#### Saved data entries:
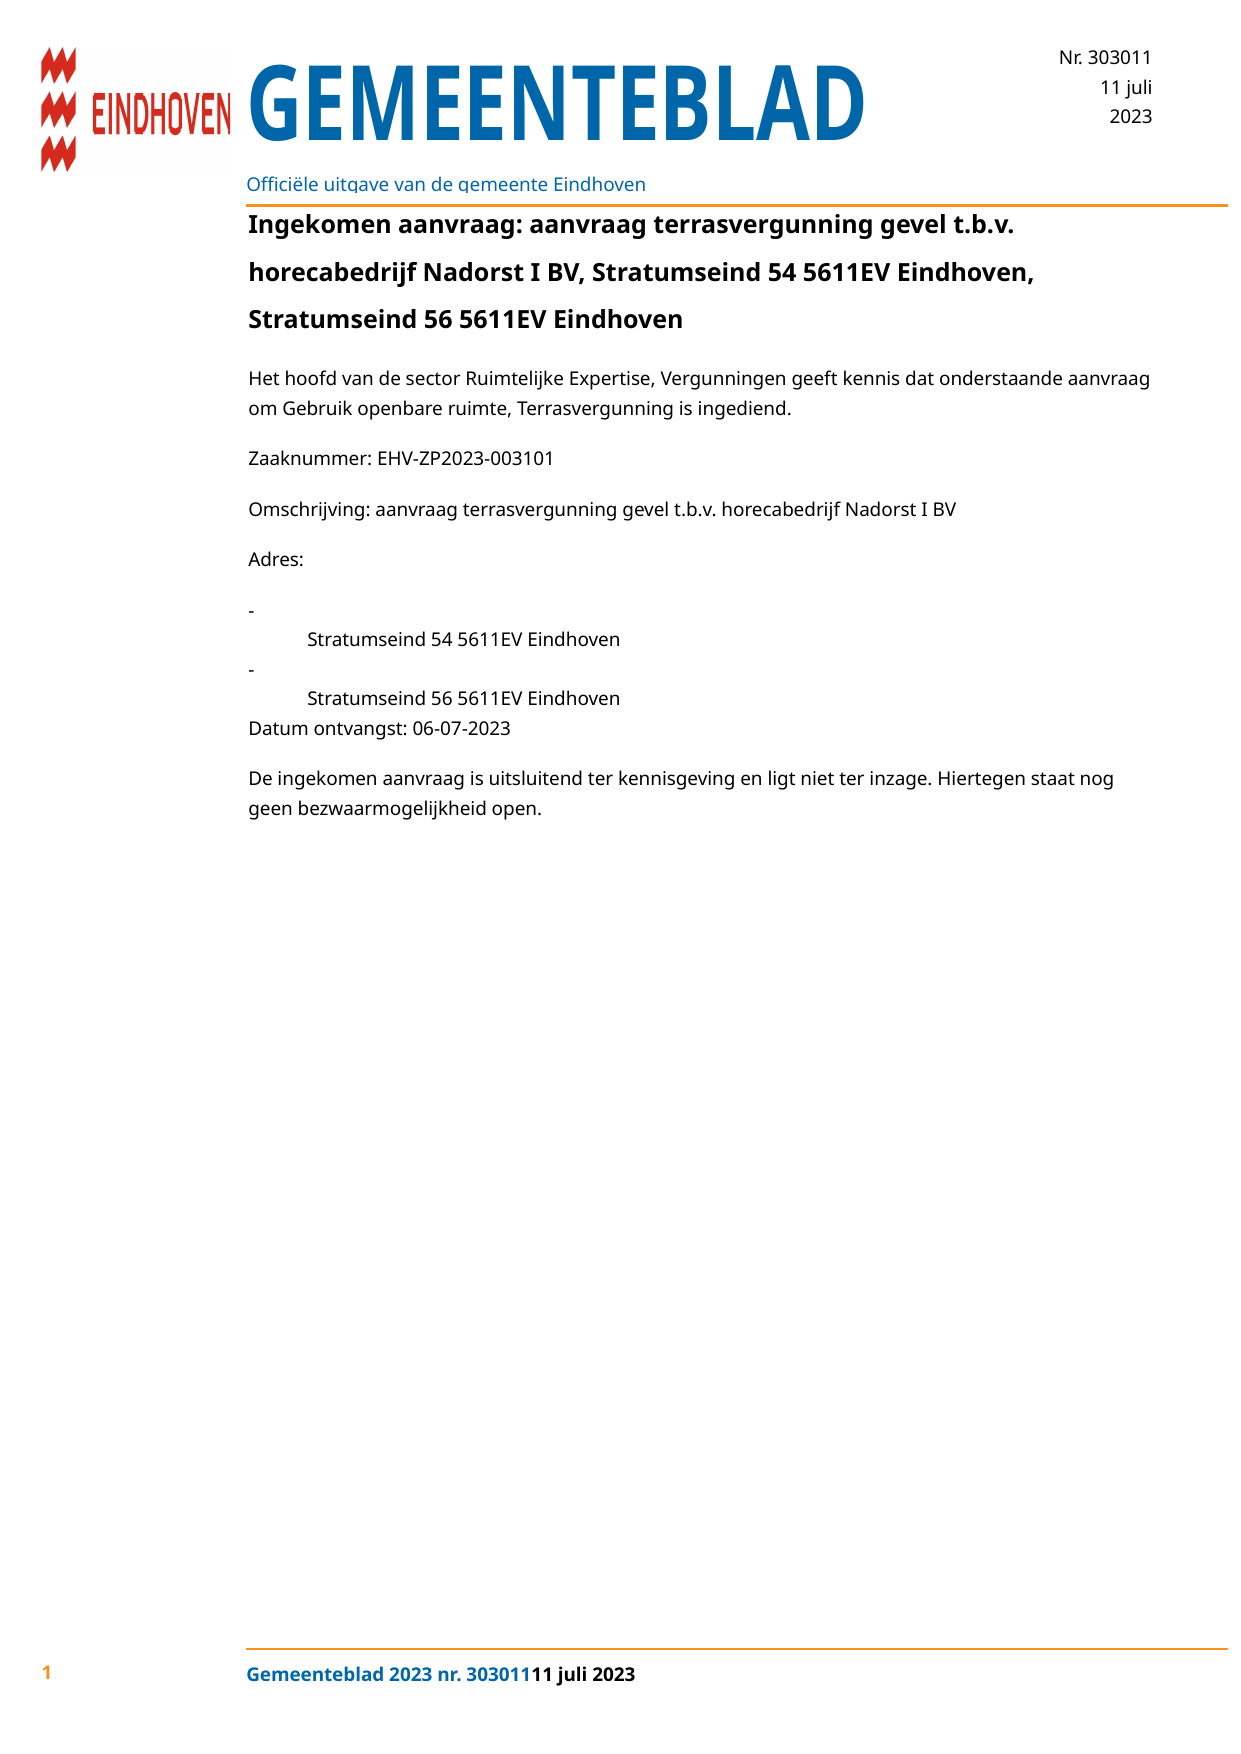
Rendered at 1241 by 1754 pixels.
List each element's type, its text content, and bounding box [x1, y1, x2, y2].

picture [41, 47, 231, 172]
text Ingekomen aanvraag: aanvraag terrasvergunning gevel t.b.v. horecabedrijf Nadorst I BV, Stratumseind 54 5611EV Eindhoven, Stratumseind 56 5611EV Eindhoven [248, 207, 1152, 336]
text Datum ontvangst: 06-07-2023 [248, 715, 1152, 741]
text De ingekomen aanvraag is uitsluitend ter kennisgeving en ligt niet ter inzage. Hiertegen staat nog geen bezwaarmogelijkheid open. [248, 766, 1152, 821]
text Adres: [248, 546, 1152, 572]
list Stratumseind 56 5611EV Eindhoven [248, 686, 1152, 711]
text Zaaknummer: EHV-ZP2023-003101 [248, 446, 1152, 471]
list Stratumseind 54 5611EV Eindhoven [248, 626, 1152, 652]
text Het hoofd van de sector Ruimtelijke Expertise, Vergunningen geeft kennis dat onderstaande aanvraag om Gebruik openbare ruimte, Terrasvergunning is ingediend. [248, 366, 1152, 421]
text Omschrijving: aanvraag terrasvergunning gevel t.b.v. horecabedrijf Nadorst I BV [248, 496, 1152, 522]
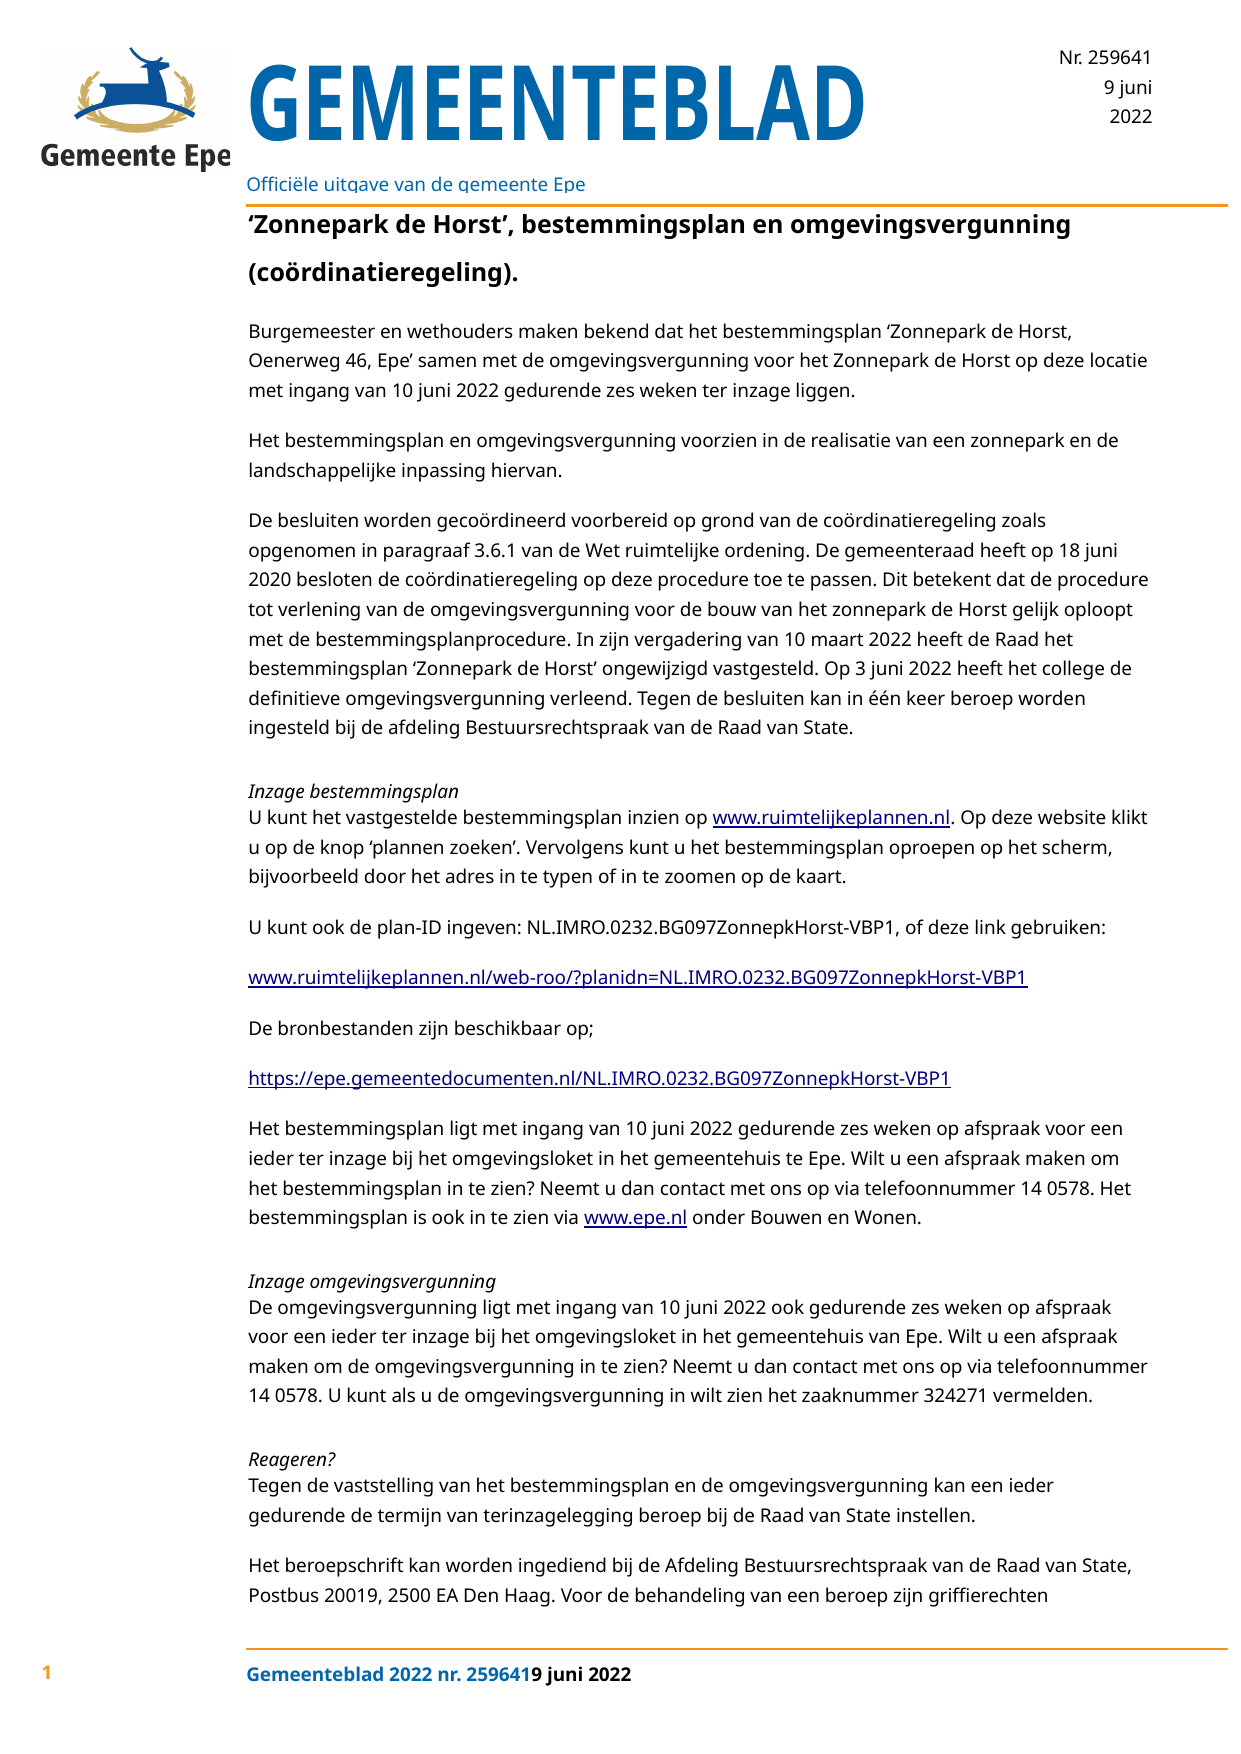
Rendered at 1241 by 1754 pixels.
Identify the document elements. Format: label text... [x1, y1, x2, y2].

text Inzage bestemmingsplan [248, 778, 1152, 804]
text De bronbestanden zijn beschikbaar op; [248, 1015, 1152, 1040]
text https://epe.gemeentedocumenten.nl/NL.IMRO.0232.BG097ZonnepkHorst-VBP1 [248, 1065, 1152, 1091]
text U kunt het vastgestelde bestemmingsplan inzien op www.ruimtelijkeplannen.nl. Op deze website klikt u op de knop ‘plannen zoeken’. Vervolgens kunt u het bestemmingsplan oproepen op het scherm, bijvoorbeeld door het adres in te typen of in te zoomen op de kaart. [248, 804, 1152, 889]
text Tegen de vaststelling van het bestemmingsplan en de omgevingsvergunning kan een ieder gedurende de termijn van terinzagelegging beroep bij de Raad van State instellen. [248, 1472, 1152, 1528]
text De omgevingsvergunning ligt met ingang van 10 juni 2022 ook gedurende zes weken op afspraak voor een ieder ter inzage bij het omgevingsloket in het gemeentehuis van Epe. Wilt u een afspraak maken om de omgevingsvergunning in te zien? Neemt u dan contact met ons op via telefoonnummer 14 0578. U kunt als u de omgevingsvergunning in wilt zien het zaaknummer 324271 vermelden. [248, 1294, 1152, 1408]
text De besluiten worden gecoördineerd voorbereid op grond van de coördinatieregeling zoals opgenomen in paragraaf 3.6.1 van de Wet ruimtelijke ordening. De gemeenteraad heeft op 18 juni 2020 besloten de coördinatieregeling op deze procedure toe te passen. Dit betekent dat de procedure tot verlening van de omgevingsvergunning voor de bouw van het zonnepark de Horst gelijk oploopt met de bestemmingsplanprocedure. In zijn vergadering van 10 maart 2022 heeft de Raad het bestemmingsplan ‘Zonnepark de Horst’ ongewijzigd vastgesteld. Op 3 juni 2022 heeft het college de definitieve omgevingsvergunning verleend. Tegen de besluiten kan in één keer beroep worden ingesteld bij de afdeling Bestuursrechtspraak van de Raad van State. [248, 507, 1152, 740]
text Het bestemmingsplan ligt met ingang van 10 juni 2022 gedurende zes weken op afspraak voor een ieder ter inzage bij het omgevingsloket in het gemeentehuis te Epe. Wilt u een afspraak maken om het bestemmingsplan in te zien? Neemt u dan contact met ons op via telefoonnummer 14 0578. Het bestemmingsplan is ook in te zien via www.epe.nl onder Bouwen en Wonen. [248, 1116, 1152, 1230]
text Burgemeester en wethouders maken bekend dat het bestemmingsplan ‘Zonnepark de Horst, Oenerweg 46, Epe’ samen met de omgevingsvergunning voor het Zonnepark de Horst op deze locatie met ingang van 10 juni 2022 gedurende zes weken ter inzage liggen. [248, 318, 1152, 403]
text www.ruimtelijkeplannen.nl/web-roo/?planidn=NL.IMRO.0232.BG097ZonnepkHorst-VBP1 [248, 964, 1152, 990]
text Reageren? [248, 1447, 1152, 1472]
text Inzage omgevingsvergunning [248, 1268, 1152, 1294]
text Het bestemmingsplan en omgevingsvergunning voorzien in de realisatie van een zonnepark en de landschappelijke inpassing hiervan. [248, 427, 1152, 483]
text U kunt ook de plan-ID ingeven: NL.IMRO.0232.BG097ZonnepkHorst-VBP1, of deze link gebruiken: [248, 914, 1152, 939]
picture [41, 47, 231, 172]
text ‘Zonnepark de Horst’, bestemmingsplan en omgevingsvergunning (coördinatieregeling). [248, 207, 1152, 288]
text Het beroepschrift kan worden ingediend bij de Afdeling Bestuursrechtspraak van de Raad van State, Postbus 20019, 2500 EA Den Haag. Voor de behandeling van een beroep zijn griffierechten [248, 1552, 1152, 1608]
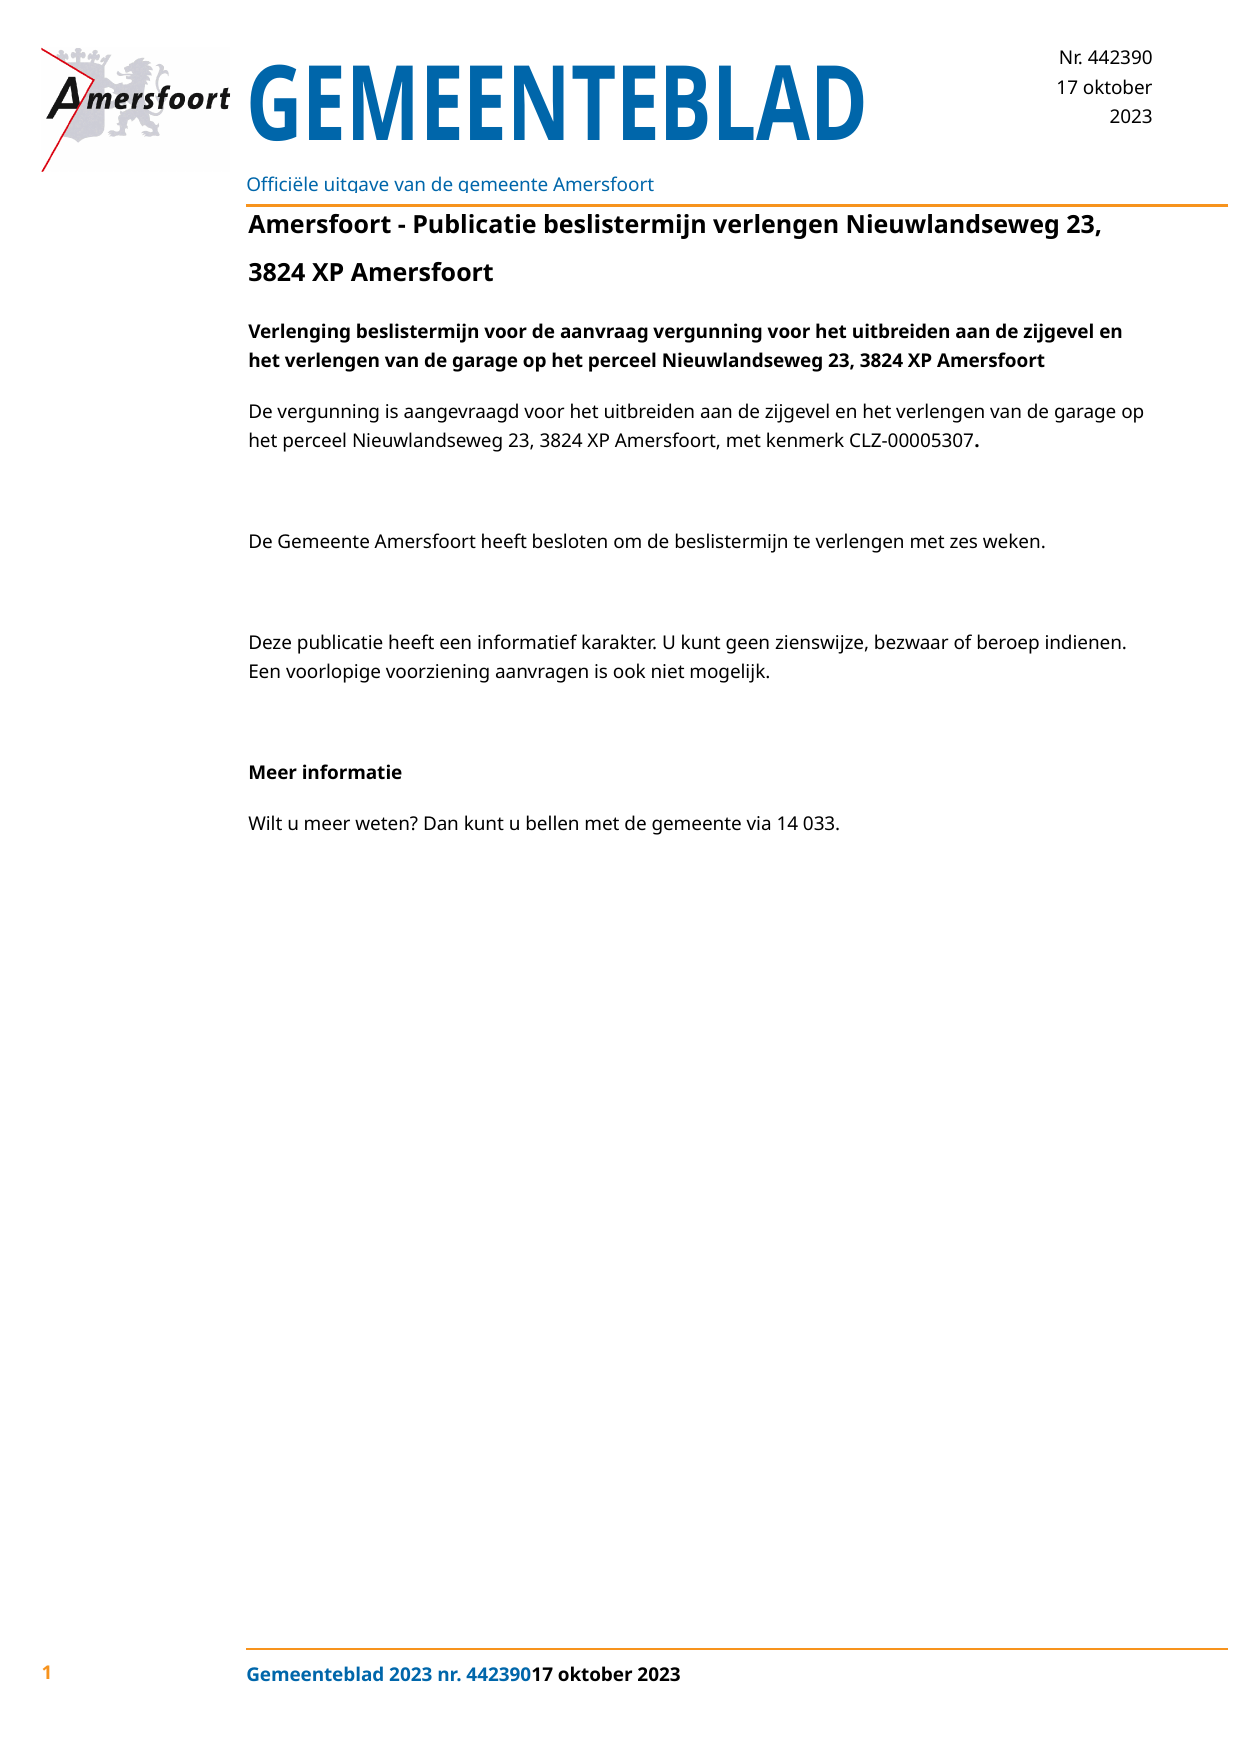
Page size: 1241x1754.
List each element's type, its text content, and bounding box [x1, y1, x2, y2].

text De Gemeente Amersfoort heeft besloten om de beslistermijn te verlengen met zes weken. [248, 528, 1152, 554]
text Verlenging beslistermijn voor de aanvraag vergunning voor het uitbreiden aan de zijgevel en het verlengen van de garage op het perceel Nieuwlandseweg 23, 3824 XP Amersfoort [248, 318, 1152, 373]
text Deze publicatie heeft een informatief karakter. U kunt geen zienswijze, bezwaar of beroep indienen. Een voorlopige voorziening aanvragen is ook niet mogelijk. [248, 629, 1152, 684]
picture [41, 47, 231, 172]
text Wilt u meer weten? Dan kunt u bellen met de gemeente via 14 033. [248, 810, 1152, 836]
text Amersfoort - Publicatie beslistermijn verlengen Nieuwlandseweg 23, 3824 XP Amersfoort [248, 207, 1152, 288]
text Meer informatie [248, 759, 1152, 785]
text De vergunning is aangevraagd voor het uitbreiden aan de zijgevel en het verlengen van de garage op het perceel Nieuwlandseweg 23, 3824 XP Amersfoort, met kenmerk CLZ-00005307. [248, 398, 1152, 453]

#### TRY IT:
Report every line of the records that contains the word "afspraak".

#### SOLUTION FOR THIS PROBLEM:
text De omgevingsvergunning ligt met ingang van 10 juni 2022 ook gedurende zes weken op afspraak voor een ieder ter inzage bij het omgevingsloket in het gemeentehuis van Epe. Wilt u een afspraak maken om de omgevingsvergunning in te zien? Neemt u dan contact met ons op via telefoonnummer 14 0578. U kunt als u de omgevingsvergunning in wilt zien het zaaknummer 324271 vermelden. [248, 1294, 1152, 1408]
text Het bestemmingsplan ligt met ingang van 10 juni 2022 gedurende zes weken op afspraak voor een ieder ter inzage bij het omgevingsloket in het gemeentehuis te Epe. Wilt u een afspraak maken om het bestemmingsplan in te zien? Neemt u dan contact met ons op via telefoonnummer 14 0578. Het bestemmingsplan is ook in te zien via www.epe.nl onder Bouwen en Wonen. [248, 1116, 1152, 1230]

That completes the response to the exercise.